• Records to process:

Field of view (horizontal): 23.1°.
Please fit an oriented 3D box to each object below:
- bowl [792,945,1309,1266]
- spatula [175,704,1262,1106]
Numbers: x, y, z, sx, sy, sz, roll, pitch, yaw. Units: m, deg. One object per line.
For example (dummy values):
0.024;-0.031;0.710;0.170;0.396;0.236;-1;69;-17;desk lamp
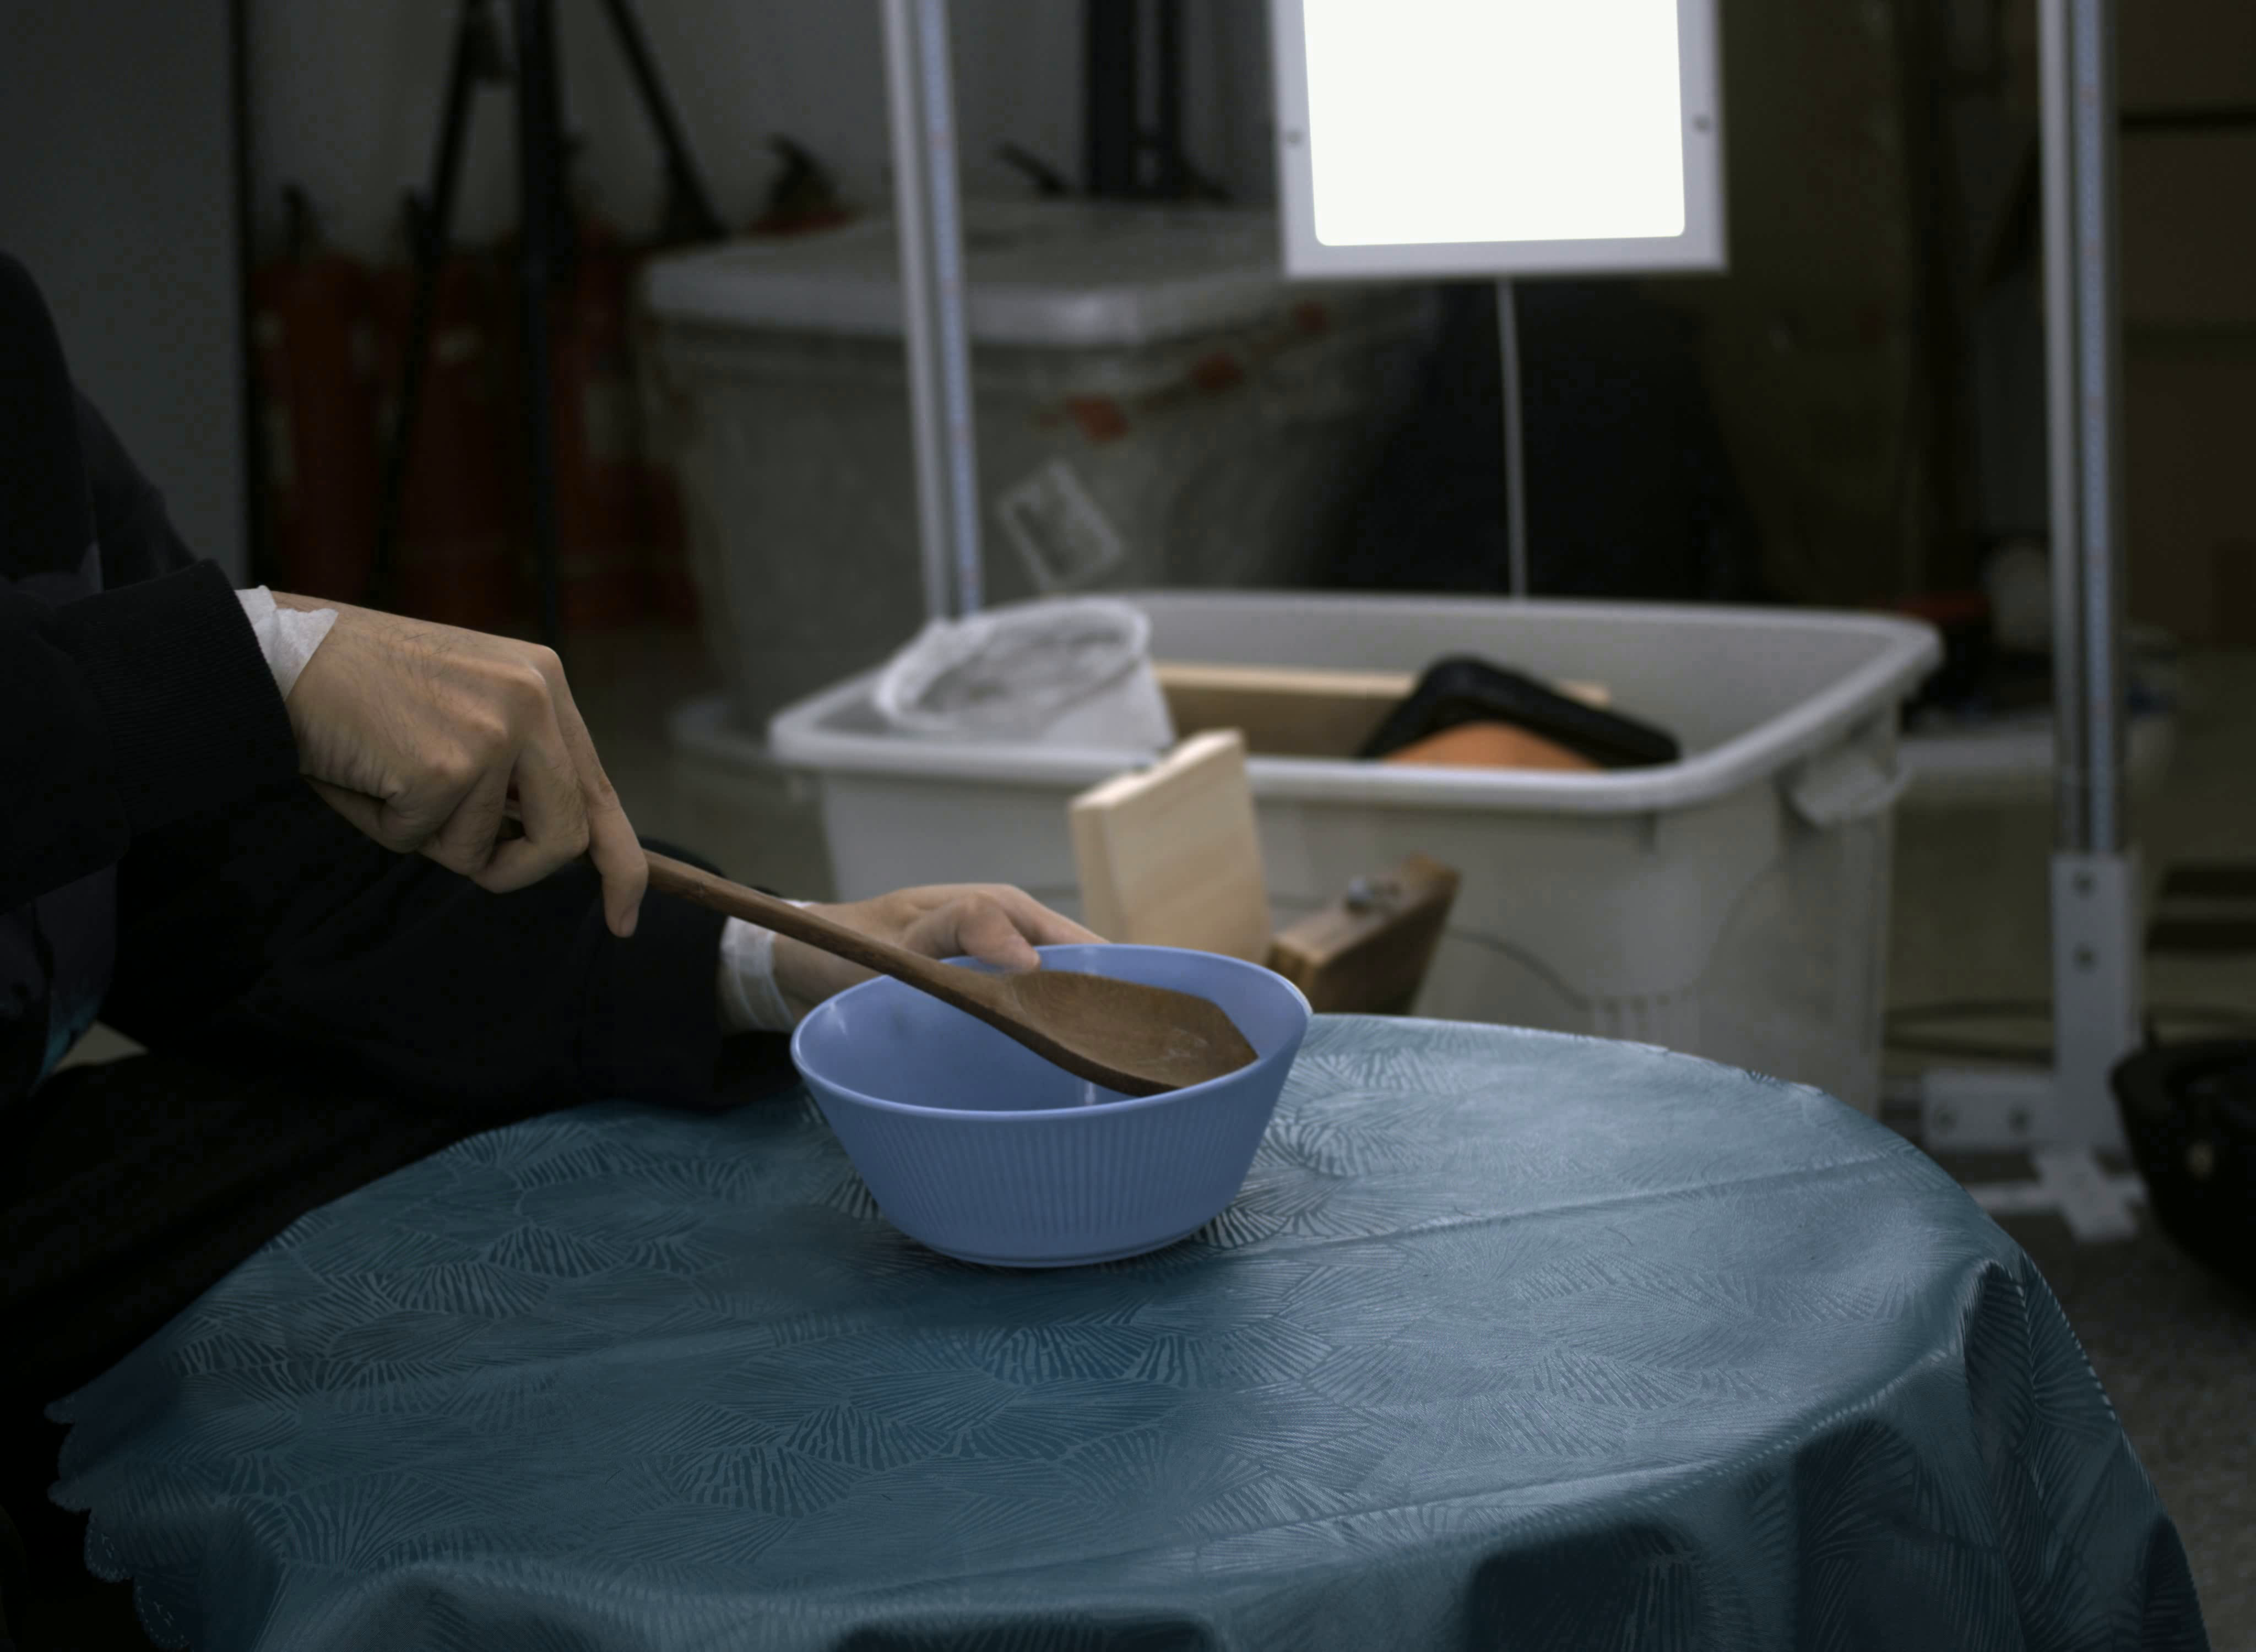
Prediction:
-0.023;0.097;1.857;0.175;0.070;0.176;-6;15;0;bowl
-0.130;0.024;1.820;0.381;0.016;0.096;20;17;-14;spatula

• Exercise prompt:
Your answer must be the lines from the first line of the entries above through the line that contains "0.024;-0.031;0.710;0.170;0.396;0.236;-1;69;-17;desk lamp", written out exactly.

• Task solution:
Field of view (horizontal): 23.1°.
Please fit an oriented 3D box to each object below:
- bowl [792,945,1309,1266]
- spatula [175,704,1262,1106]
Numbers: x, y, z, sx, sy, sz, roll, pitch, yaw. Units: m, deg. One object per line.
For example (dummy values):
0.024;-0.031;0.710;0.170;0.396;0.236;-1;69;-17;desk lamp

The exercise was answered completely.